Kognitionspsychologische Wortschatzdidaktik und ihre Realisierung im Lehrwerk „EM“


Seminararbeit, 2002

22 Seiten, Note: 1,3


Leseprobe

Inhalt

Einleitung

1. Kognitive und konstruktivistische Lern- und Verstehenstheorie
1.1. Grundkonzepte der kognitiven Psychologie und der konstruktivistischen Verstehenstheorie
1.2. Mentales Lexikon

2. Umsetzung der kognitiven und konstruktivistischen Lerntheorien bei der Wortschatzarbeit im Fremdsprachenunterricht
2.1. Lernerautonomie
2.2. Aufgabenorientiertes Lernen
2.3. Inhaltsorientiertes Lernen
2.4. Kognitives Lernen
2.5. Prozessorientiertes Lernen

3. Realisierung der kognitiven und konstruktivistischen Ansätze im Lehrwerk „EM“

Fazit

Literatur

Einleitung

Die vorliegende Arbeit ist der Wortschatzdidaktik gewidmet, und zwar den für den Fremdsprachenunterricht noch neuen Ansätzen, die sich auf Grund der Erkenntnisse der kognitiven Psychologie und der konstruktivistischen Lerntheorie entwickelt haben.
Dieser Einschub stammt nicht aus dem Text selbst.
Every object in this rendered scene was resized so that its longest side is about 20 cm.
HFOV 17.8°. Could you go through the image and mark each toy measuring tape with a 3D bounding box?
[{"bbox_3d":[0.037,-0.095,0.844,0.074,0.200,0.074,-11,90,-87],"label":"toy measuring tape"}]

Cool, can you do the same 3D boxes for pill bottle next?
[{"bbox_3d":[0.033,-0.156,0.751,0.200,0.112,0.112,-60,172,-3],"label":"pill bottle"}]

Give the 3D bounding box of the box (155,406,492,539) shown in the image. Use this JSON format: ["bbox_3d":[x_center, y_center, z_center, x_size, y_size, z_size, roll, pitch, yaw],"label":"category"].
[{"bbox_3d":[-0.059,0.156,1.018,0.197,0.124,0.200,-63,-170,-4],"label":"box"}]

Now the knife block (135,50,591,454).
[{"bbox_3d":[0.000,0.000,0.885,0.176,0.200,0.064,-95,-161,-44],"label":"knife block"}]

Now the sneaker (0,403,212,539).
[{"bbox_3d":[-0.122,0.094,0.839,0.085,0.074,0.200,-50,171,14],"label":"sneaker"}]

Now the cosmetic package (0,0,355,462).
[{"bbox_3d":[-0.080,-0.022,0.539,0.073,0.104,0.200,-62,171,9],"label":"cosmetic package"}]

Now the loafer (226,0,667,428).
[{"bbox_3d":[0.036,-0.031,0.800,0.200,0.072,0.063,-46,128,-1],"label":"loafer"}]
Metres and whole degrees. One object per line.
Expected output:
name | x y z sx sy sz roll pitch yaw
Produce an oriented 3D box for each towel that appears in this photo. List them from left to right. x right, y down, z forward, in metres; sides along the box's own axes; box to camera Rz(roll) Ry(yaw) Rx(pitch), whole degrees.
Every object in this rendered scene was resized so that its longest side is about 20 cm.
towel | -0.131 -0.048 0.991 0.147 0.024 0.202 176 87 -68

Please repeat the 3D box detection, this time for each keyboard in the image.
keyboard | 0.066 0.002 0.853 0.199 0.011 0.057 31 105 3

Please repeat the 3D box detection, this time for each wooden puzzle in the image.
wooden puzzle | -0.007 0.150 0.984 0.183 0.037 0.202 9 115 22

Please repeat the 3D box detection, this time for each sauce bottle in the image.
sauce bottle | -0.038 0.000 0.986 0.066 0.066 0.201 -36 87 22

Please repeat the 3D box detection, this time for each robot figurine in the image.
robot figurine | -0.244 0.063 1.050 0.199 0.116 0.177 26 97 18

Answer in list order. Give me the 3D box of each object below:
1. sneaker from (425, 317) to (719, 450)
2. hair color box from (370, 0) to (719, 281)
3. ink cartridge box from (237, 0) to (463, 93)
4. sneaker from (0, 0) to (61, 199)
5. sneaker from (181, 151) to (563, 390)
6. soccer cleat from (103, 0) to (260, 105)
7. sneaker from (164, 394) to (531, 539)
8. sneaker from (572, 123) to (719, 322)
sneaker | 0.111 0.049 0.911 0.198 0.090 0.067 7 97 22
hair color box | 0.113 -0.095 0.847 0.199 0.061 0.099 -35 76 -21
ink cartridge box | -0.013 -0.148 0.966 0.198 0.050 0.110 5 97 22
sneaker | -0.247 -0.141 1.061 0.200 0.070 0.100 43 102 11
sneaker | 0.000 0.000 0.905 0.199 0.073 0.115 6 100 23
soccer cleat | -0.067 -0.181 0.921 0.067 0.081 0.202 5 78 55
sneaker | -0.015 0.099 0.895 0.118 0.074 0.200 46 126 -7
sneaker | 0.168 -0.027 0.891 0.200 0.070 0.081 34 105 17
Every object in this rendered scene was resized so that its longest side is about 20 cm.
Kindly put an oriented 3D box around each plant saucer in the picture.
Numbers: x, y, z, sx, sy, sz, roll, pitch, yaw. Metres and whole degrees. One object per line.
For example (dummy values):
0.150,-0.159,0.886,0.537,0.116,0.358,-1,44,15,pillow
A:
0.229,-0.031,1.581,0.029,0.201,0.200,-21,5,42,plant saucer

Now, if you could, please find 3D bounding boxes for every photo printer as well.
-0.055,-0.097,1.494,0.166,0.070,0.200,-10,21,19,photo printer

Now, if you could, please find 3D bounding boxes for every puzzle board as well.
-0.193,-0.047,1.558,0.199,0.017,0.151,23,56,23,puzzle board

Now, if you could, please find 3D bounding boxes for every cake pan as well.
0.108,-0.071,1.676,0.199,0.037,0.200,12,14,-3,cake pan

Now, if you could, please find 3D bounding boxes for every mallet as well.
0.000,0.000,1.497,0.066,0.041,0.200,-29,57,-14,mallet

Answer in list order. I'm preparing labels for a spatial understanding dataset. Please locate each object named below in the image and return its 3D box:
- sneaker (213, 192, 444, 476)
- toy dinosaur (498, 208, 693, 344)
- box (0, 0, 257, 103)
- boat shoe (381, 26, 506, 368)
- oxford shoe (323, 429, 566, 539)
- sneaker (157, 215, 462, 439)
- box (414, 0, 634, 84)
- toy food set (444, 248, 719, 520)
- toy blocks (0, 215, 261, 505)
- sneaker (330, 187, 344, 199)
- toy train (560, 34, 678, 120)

Schon seit einigen Jahren hat das Problem der Wortschatzvermittlung immer mehr an Beachtung gewonnen, da die Erfahrungen gezeigt haben, dass allein die Beherrschung der Regeln, das sogenannte strukturelle Wissen, für die Beherrschung der Fremdsprache als solcher nichts bringt, wenn der Lerner nicht über ausreichendes Wortschatzwissen verfügt. Ein reicher und schnell abrufbarer fremdsprachlicher Wortschatz setzt die Umgestaltung des ganzen Unterrichts und der Wortschatzarbeit voraus, denn dafür ist selbständiges Lernen mit Hilfe zahlreicher, oft individuell entwickelter Lernstrategien und Lerntechniken unentbehrlich.

In einem Teil der Arbeit wird eine Analyse von einem nach diesen Prinzipien verfassten Lehrwerk ausgeführt, in Verbindung mit einem Vergleich zu traditionell verfassten Wortschatzübungen.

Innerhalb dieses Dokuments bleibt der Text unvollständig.